[XML-SIG] [Python-Dev] ElementTree in stdlib
mike at skew.org
Tue Dec 13 02:34:44 CET 2005
(Context: the thread starting at
> So as that has more-or-less failed, the next natural approach is
> "let's believe in the community". For that, two things need to
> happen: the author of the package must indicate that he would like
> to see it incorporated, and the users must indicate that they like
> the package. Both has happened for ElementTree, but I think it
> could happen for other packages, as well.
> If it is merely the lack of due process you are complaining about,
> and you agree with the result, then IMO nothing would need to be
> changed about the result. Discussing it post-factum on xml-sig
> might still be valuable.
Thanks Martin and others for responding.
I full agree that ElementTree has proven to be useful, popular, and stable,
and probably no one would object to ElementTree being given the endorsement
that is implicit in its being made a part of stdlib.
The lack of due process, given that XML-SIG seems to exist largely to provide
that very service for all things XML in Python, is indeed all I'm complaining
about.

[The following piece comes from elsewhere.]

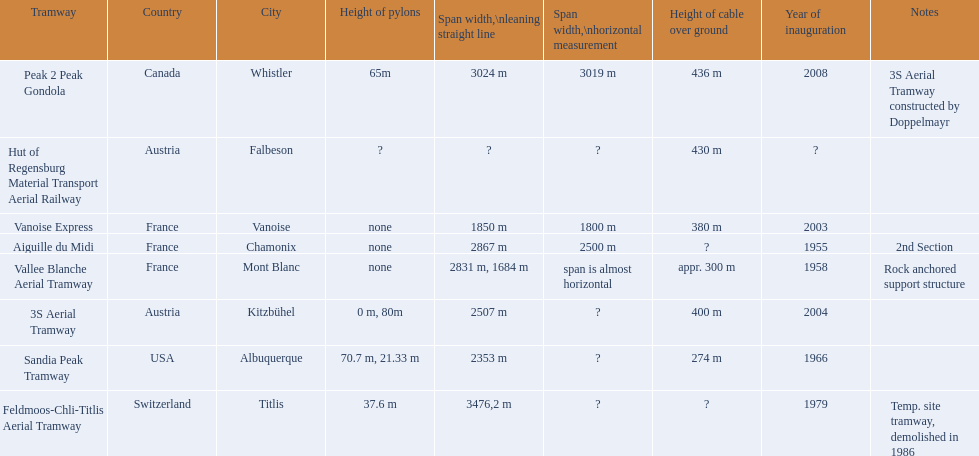In france, which tram systems exist? Vanoise Express, Aiguille du Midi, Vallee Blanche Aerial Tramway. From those, which were introduced in the 1950s? Aiguille du Midi, Vallee Blanche Aerial Tramway. Do any of these tramways feature spans that aren't almost horizontal? Aiguille du Midi.

I am happy that for once, there is momentum behind this sort of thing,
and more power to you for that.
My fears are just that 1. XML-SIG is being seen as either irrelevant or as an
obstacle (perhaps due to the friction between Fredrik and Uche) and are thus
being sidestepped, and 2. other libs that could/should be contenders (Amara
and 4Suite are not in this list, by the way) are going to become further
marginalized by virtue of the fact that people will say "well, we have
ElementTree in stdlib already, why do we need (fill in the blank)?"
I suppose the same kind of implicit endorsements were given to minidom and
SAX, and that obviously hasn't prevented people from going out and using
ElementTree, lxml, etc., so I don't know... I can't predict the future. I'd
just feel better about it if everyone on XML-SIG, where people hang out
because they have a definite interest in this kind of thing, knew what was
going on. Some authors of other libs may not even be aware that they could so
easily have their code whisked into stdlib, if it's solid enough.